**HOW TO COMPLETE THIS TASK:** Your task is to write out the entire listing exactly, omitting its pictures.

**MATERIAL TO PROCESS:**
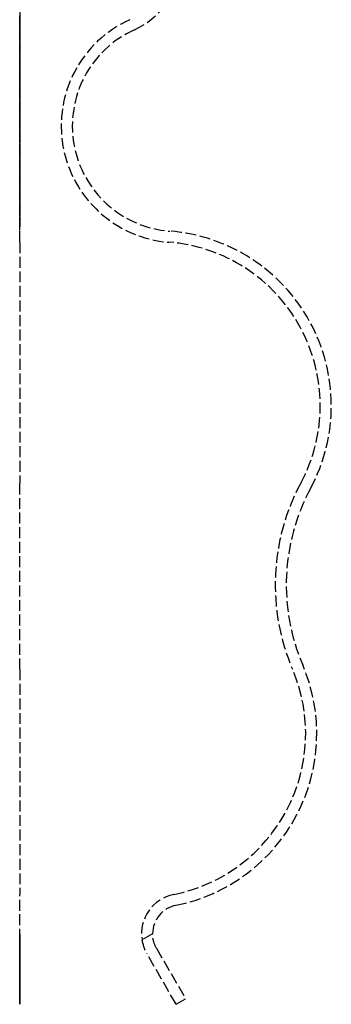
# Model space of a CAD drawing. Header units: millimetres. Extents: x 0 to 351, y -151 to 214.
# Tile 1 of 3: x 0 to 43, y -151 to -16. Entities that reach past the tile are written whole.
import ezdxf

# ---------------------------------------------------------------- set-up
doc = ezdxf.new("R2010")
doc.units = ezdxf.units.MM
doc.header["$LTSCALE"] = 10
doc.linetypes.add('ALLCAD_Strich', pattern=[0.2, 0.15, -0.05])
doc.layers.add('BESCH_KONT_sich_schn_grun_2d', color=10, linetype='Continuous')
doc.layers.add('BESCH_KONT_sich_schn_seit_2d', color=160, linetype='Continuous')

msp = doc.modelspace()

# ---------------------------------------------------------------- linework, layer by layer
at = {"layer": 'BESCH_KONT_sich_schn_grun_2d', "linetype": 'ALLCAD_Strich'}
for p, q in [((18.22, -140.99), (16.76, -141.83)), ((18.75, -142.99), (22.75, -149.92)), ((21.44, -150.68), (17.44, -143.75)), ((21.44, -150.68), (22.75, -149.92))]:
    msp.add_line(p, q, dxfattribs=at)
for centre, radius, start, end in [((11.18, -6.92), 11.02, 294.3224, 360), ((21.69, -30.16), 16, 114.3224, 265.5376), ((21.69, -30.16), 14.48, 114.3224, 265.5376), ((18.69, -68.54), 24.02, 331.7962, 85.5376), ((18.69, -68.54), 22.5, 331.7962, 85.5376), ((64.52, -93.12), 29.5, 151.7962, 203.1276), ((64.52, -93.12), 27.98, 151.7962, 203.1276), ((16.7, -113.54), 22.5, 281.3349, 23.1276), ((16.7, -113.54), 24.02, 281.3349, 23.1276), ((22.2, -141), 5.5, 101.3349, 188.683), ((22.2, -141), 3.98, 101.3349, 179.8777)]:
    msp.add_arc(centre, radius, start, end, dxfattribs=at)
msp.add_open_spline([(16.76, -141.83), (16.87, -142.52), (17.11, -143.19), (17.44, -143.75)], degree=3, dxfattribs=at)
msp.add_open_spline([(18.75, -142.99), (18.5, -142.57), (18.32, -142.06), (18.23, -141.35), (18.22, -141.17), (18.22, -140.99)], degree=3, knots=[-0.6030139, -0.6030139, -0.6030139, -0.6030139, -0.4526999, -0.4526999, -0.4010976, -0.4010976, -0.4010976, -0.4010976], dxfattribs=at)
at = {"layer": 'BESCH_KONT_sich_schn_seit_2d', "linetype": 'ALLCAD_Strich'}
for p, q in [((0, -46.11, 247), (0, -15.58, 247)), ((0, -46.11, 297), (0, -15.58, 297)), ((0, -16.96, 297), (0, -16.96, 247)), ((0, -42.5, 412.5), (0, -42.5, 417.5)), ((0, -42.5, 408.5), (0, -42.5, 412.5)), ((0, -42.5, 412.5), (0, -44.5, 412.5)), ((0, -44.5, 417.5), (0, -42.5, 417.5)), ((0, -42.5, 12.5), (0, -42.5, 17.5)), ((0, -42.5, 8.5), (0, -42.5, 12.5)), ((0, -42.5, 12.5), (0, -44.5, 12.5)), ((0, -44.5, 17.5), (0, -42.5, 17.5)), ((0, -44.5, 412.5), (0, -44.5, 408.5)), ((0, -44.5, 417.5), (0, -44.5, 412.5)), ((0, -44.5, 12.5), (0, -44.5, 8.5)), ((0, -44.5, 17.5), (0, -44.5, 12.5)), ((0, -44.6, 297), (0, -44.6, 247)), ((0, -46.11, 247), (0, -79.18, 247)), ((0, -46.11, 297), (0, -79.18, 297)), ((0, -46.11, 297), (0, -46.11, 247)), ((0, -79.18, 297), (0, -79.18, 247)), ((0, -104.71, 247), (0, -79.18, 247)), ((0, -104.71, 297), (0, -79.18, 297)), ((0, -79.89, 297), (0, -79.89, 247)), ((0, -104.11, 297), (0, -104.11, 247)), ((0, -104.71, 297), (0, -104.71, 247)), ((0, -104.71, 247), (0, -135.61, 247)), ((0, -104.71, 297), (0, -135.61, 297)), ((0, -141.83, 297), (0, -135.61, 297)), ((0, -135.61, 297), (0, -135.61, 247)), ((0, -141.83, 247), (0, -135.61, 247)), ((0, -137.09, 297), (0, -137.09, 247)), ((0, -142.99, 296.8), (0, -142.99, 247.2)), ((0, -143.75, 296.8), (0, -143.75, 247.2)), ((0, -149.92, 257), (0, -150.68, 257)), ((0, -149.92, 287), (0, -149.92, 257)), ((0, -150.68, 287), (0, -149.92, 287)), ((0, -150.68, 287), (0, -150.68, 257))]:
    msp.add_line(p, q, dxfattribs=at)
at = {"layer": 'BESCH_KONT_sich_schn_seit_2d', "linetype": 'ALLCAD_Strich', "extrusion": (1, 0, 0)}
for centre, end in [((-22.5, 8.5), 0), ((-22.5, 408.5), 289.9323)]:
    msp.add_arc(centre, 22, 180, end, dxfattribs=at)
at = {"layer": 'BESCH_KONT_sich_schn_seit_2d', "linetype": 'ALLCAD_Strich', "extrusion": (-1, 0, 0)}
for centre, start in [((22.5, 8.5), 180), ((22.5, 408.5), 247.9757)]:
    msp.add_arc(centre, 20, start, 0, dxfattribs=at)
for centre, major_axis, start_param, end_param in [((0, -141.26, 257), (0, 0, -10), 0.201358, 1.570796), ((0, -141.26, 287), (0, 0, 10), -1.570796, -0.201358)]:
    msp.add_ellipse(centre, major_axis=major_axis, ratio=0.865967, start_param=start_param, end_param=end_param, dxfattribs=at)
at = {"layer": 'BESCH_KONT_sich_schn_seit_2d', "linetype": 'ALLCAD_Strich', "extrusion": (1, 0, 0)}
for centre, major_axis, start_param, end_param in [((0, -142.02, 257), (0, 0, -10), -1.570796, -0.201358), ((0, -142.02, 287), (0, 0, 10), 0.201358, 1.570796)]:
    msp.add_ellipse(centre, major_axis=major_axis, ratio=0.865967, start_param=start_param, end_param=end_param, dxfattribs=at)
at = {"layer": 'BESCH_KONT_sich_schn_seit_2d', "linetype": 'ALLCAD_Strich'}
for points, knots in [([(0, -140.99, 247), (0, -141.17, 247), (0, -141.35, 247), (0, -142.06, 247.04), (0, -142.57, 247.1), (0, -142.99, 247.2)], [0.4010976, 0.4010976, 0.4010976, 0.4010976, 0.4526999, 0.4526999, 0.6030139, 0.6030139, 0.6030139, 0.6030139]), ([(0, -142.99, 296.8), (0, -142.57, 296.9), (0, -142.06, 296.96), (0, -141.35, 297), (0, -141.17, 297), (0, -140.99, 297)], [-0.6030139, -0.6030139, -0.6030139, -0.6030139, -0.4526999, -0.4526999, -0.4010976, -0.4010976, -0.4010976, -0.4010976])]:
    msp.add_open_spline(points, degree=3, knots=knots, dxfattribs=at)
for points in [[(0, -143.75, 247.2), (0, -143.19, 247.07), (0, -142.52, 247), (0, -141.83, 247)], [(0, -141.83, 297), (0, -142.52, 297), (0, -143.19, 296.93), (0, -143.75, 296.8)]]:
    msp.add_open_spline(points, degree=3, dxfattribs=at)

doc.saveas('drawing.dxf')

**YOUR SOLUTION:**
# Model space of a CAD drawing. Header units: millimetres. Extents: x 0 to 351, y -151 to 214.
# Tile 1 of 3: x 0 to 43, y -151 to -16. Entities that reach past the tile are written whole.
import ezdxf

# ---------------------------------------------------------------- set-up
doc = ezdxf.new("R2010")
doc.units = ezdxf.units.MM
doc.header["$LTSCALE"] = 10
doc.linetypes.add('ALLCAD_Strich', pattern=[0.2, 0.15, -0.05])
doc.layers.add('BESCH_KONT_sich_schn_grun_2d', color=10, linetype='Continuous')
doc.layers.add('BESCH_KONT_sich_schn_seit_2d', color=160, linetype='Continuous')

msp = doc.modelspace()

# ---------------------------------------------------------------- linework, layer by layer
at = {"layer": 'BESCH_KONT_sich_schn_grun_2d', "linetype": 'ALLCAD_Strich'}
for p, q in [((18.22, -140.99), (16.76, -141.83)), ((18.75, -142.99), (22.75, -149.92)), ((21.44, -150.68), (17.44, -143.75)), ((21.44, -150.68), (22.75, -149.92))]:
    msp.add_line(p, q, dxfattribs=at)
for centre, radius, start, end in [((11.18, -6.92), 11.02, 294.3224, 360), ((21.69, -30.16), 16, 114.3224, 265.5376), ((21.69, -30.16), 14.48, 114.3224, 265.5376), ((18.69, -68.54), 24.02, 331.7962, 85.5376), ((18.69, -68.54), 22.5, 331.7962, 85.5376), ((64.52, -93.12), 29.5, 151.7962, 203.1276), ((64.52, -93.12), 27.98, 151.7962, 203.1276), ((16.7, -113.54), 22.5, 281.3349, 23.1276), ((16.7, -113.54), 24.02, 281.3349, 23.1276), ((22.2, -141), 5.5, 101.3349, 188.683), ((22.2, -141), 3.98, 101.3349, 179.8777)]:
    msp.add_arc(centre, radius, start, end, dxfattribs=at)
msp.add_open_spline([(16.76, -141.83), (16.87, -142.52), (17.11, -143.19), (17.44, -143.75)], degree=3, dxfattribs=at)
msp.add_open_spline([(18.75, -142.99), (18.5, -142.57), (18.32, -142.06), (18.23, -141.35), (18.22, -141.17), (18.22, -140.99)], degree=3, knots=[-0.6030139, -0.6030139, -0.6030139, -0.6030139, -0.4526999, -0.4526999, -0.4010976, -0.4010976, -0.4010976, -0.4010976], dxfattribs=at)
at = {"layer": 'BESCH_KONT_sich_schn_seit_2d', "linetype": 'ALLCAD_Strich'}
for p, q in [((0, -46.11, 247), (0, -15.58, 247)), ((0, -46.11, 297), (0, -15.58, 297)), ((0, -16.96, 297), (0, -16.96, 247)), ((0, -42.5, 412.5), (0, -42.5, 417.5)), ((0, -42.5, 408.5), (0, -42.5, 412.5)), ((0, -42.5, 412.5), (0, -44.5, 412.5)), ((0, -44.5, 417.5), (0, -42.5, 417.5)), ((0, -42.5, 12.5), (0, -42.5, 17.5)), ((0, -42.5, 8.5), (0, -42.5, 12.5)), ((0, -42.5, 12.5), (0, -44.5, 12.5)), ((0, -44.5, 17.5), (0, -42.5, 17.5)), ((0, -44.5, 412.5), (0, -44.5, 408.5)), ((0, -44.5, 417.5), (0, -44.5, 412.5)), ((0, -44.5, 12.5), (0, -44.5, 8.5)), ((0, -44.5, 17.5), (0, -44.5, 12.5)), ((0, -44.6, 297), (0, -44.6, 247)), ((0, -46.11, 247), (0, -79.18, 247)), ((0, -46.11, 297), (0, -79.18, 297)), ((0, -46.11, 297), (0, -46.11, 247)), ((0, -79.18, 297), (0, -79.18, 247)), ((0, -104.71, 247), (0, -79.18, 247)), ((0, -104.71, 297), (0, -79.18, 297)), ((0, -79.89, 297), (0, -79.89, 247)), ((0, -104.11, 297), (0, -104.11, 247)), ((0, -104.71, 297), (0, -104.71, 247)), ((0, -104.71, 247), (0, -135.61, 247)), ((0, -104.71, 297), (0, -135.61, 297)), ((0, -141.83, 297), (0, -135.61, 297)), ((0, -135.61, 297), (0, -135.61, 247)), ((0, -141.83, 247), (0, -135.61, 247)), ((0, -137.09, 297), (0, -137.09, 247)), ((0, -142.99, 296.8), (0, -142.99, 247.2)), ((0, -143.75, 296.8), (0, -143.75, 247.2)), ((0, -149.92, 257), (0, -150.68, 257)), ((0, -149.92, 287), (0, -149.92, 257)), ((0, -150.68, 287), (0, -149.92, 287)), ((0, -150.68, 287), (0, -150.68, 257))]:
    msp.add_line(p, q, dxfattribs=at)
at = {"layer": 'BESCH_KONT_sich_schn_seit_2d', "linetype": 'ALLCAD_Strich', "extrusion": (1, 0, 0)}
for centre, end in [((-22.5, 8.5), 0), ((-22.5, 408.5), 289.9323)]:
    msp.add_arc(centre, 22, 180, end, dxfattribs=at)
at = {"layer": 'BESCH_KONT_sich_schn_seit_2d', "linetype": 'ALLCAD_Strich', "extrusion": (-1, 0, 0)}
for centre, start in [((22.5, 8.5), 180), ((22.5, 408.5), 247.9757)]:
    msp.add_arc(centre, 20, start, 0, dxfattribs=at)
for centre, major_axis, start_param, end_param in [((0, -141.26, 257), (0, 0, -10), 0.201358, 1.570796), ((0, -141.26, 287), (0, 0, 10), -1.570796, -0.201358)]:
    msp.add_ellipse(centre, major_axis=major_axis, ratio=0.865967, start_param=start_param, end_param=end_param, dxfattribs=at)
at = {"layer": 'BESCH_KONT_sich_schn_seit_2d', "linetype": 'ALLCAD_Strich', "extrusion": (1, 0, 0)}
for centre, major_axis, start_param, end_param in [((0, -142.02, 257), (0, 0, -10), -1.570796, -0.201358), ((0, -142.02, 287), (0, 0, 10), 0.201358, 1.570796)]:
    msp.add_ellipse(centre, major_axis=major_axis, ratio=0.865967, start_param=start_param, end_param=end_param, dxfattribs=at)
at = {"layer": 'BESCH_KONT_sich_schn_seit_2d', "linetype": 'ALLCAD_Strich'}
for points, knots in [([(0, -140.99, 247), (0, -141.17, 247), (0, -141.35, 247), (0, -142.06, 247.04), (0, -142.57, 247.1), (0, -142.99, 247.2)], [0.4010976, 0.4010976, 0.4010976, 0.4010976, 0.4526999, 0.4526999, 0.6030139, 0.6030139, 0.6030139, 0.6030139]), ([(0, -142.99, 296.8), (0, -142.57, 296.9), (0, -142.06, 296.96), (0, -141.35, 297), (0, -141.17, 297), (0, -140.99, 297)], [-0.6030139, -0.6030139, -0.6030139, -0.6030139, -0.4526999, -0.4526999, -0.4010976, -0.4010976, -0.4010976, -0.4010976])]:
    msp.add_open_spline(points, degree=3, knots=knots, dxfattribs=at)
for points in [[(0, -143.75, 247.2), (0, -143.19, 247.07), (0, -142.52, 247), (0, -141.83, 247)], [(0, -141.83, 297), (0, -142.52, 297), (0, -143.19, 296.93), (0, -143.75, 296.8)]]:
    msp.add_open_spline(points, degree=3, dxfattribs=at)

doc.saveas('drawing.dxf')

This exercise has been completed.